Don’t look now, but the federal government just gutted your most fundamental Constitutional rights.
The Patriot Act is anything but patriotic. In fact, it’s fascism at its worst when the stripping of the Bill of Rights is dressed up to look like a safe, smart move for national interests, and anyone who opposes it is made to look like a disloyal enemy of this country.
In case you missed it, the Patriot Act allows police to arrest and detain indefinitely any American suspected of terrorism as well as any immigrant, without disclosure of their names. We’re not just talking about foreigners who are here illegally. It also allows “sneak and peek” searches of suspects’ homes without subsequent notification of the searches, collection of personal information such as Web surfing habits and the forcing of librarians, booksellers and video shop proprietors to turn over patron records to federal investigators when asked. It allows wiretapping on ANYONE – without reason or proof of suspicious activity.
Attorney General John Ashcroft has arrested hundreds, perhaps thousands of people (and since the arrests are classified we don’t have a reliable headcount) and held them incommunicado. The “detainees” (why don’t they just call them “hostages”?) are denied access to friends, family and legal counsel. Ashcroft claims the right to indefinitely imprison these people, even though the Justice Department admits they are innocent because they have not been charged with a crime.
And now I hear Ashcroft wants to arrest and sequester into camps people who are considered terrorist suspects.
Is it just me, or does anyone else see something wrong with this picture? Does anyone see a blatant repeat of that embarrassing 1941-42 time in American history when we illegally rounded up Japanese-Americans? Or how about a repeat of Nazi Germany?
But let’s face it: not many American citizens seem to give a rat’s ass about this alarming situation. Frankly, I don’t know what disturbs me more — the fact that our moronic greedy lawgivers passed the Patriot Act or the fact that this entire nation would rather watch a TV sitcom than rail against the illegal destruction of their 200-plus-year-old rights.
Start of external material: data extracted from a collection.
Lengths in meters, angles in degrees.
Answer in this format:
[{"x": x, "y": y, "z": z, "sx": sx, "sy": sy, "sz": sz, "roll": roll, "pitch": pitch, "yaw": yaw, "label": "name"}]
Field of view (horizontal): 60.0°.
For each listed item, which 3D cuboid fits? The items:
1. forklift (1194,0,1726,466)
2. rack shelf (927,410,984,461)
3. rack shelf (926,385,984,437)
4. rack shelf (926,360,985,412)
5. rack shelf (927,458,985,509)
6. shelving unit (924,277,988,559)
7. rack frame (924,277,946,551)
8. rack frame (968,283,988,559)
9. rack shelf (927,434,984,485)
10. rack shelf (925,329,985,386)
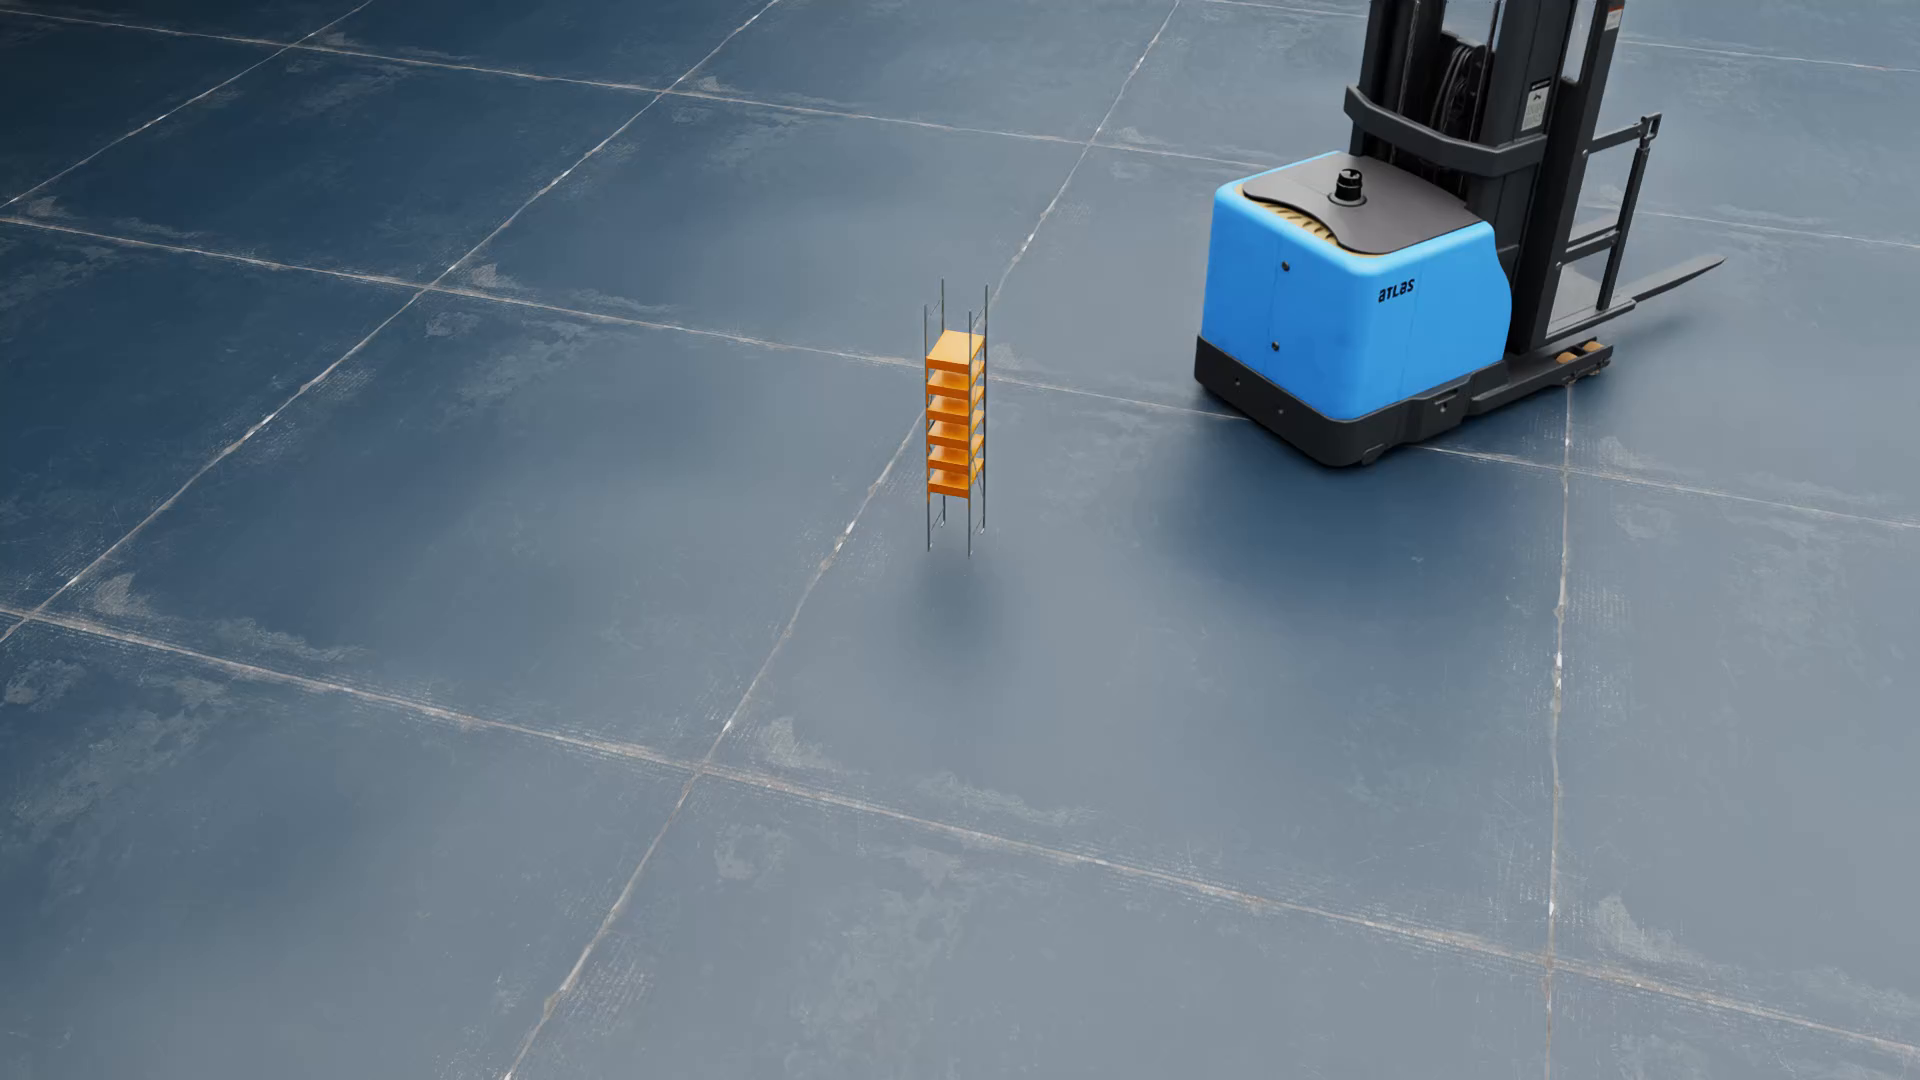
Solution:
[{"x": 2.669, "y": -2.187, "z": 7.749, "sx": 3.031, "sy": 2.935, "sz": 1.130, "roll": -21, "pitch": 41, "yaw": -26, "label": "forklift"}, {"x": -0.014, "y": -0.450, "z": 6.924, "sx": 0.180, "sy": 0.103, "sz": 0.258, "roll": 10, "pitch": 38, "yaw": 14, "label": "rack shelf"}, {"x": -0.014, "y": -0.547, "z": 6.853, "sx": 0.180, "sy": 0.103, "sz": 0.258, "roll": 10, "pitch": 38, "yaw": 14, "label": "rack shelf"}, {"x": -0.014, "y": -0.643, "z": 6.782, "sx": 0.180, "sy": 0.103, "sz": 0.258, "roll": 10, "pitch": 38, "yaw": 14, "label": "rack shelf"}, {"x": -0.014, "y": -0.257, "z": 7.066, "sx": 0.180, "sy": 0.103, "sz": 0.258, "roll": 10, "pitch": 38, "yaw": 14, "label": "rack shelf"}, {"x": -0.014, "y": -0.486, "z": 6.898, "sx": 0.189, "sy": 1.200, "sz": 0.258, "roll": 10, "pitch": 38, "yaw": 14, "label": "shelving unit"}, {"x": -0.101, "y": -0.502, "z": 6.920, "sx": 0.006, "sy": 1.200, "sz": 0.240, "roll": 10, "pitch": 38, "yaw": 14, "label": "rack frame"}, {"x": 0.074, "y": -0.470, "z": 6.876, "sx": 0.006, "sy": 1.200, "sz": 0.240, "roll": 10, "pitch": 38, "yaw": 14, "label": "rack frame"}, {"x": -0.014, "y": -0.353, "z": 6.995, "sx": 0.180, "sy": 0.103, "sz": 0.258, "roll": 10, "pitch": 38, "yaw": 14, "label": "rack shelf"}, {"x": -0.014, "y": -0.740, "z": 6.711, "sx": 0.180, "sy": 0.103, "sz": 0.258, "roll": 10, "pitch": 38, "yaw": 14, "label": "rack shelf"}]
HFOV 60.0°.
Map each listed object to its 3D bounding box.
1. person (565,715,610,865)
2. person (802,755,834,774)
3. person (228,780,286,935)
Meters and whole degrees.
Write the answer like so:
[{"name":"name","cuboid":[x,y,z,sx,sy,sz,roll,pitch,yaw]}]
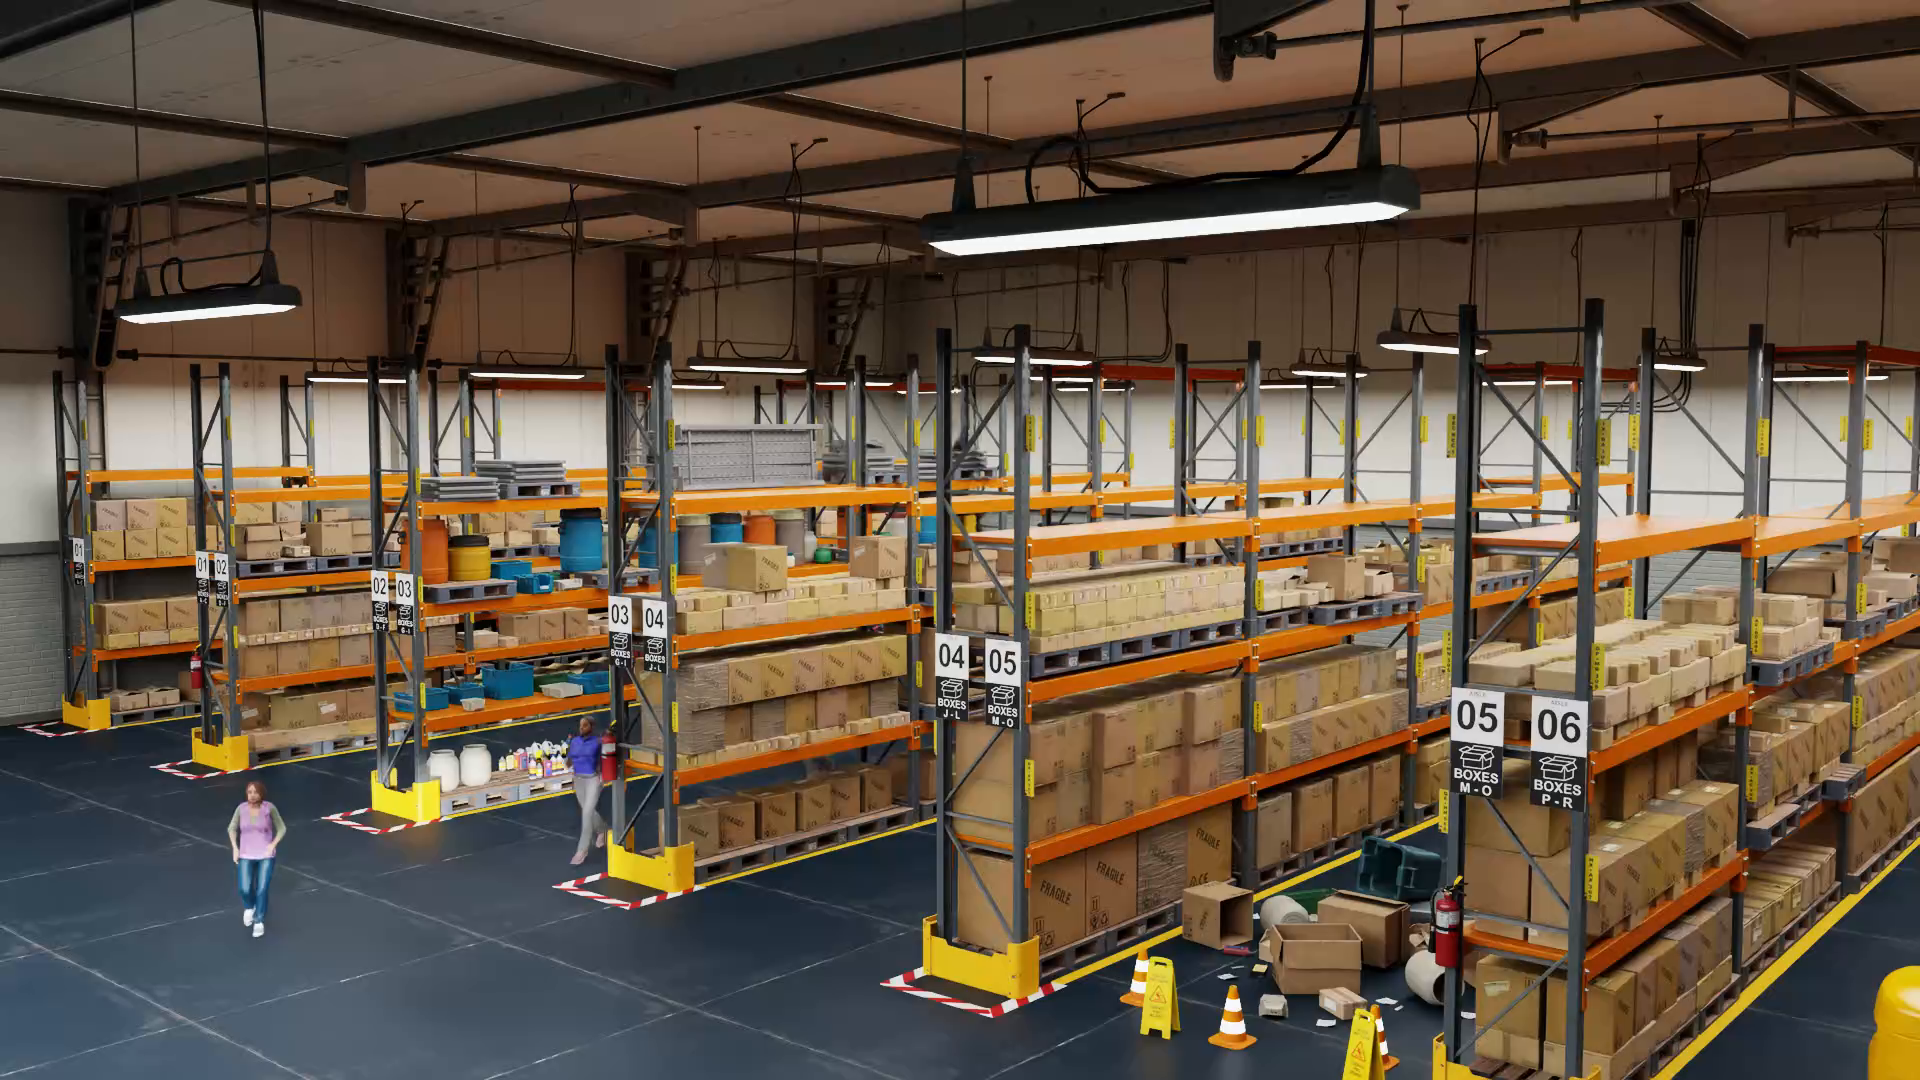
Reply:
[{"name":"person","cuboid":[-4.388,2.903,19.646,0.574,1.680,0.883,2,4,23]},{"name":"person","cuboid":[-2.074,2.654,23.577,0.602,1.618,0.568,3,5,35]},{"name":"person","cuboid":[-7.037,3.186,16.645,0.549,1.569,0.494,-1,4,-18]}]

Hey, don’t think I’m excusing myself on this one either. I’m just as guilty as everyone else of being wrapped up in my own microcosm of life. I’ve been paying more attention to matters at hand – albatross cars, cigarettes, paying bills, cigarettes, local politics and cigarettes – than I have to the crimes of the federal government.
People are far more interested in, say, who will be Hollister’s next mayor than they are in the possibility of being locked up indefinitely for no cause. Even in New Idria, we are more mesmerized by a local grassroots effort to overthrow Mayor Orange the Cat. Cousin Phony BooHoo is spearheading a recall effort on Orange so that he can become mayor himself, and hopes to do away with elections in favor of the same weak-mayored rotation system that Hollister has.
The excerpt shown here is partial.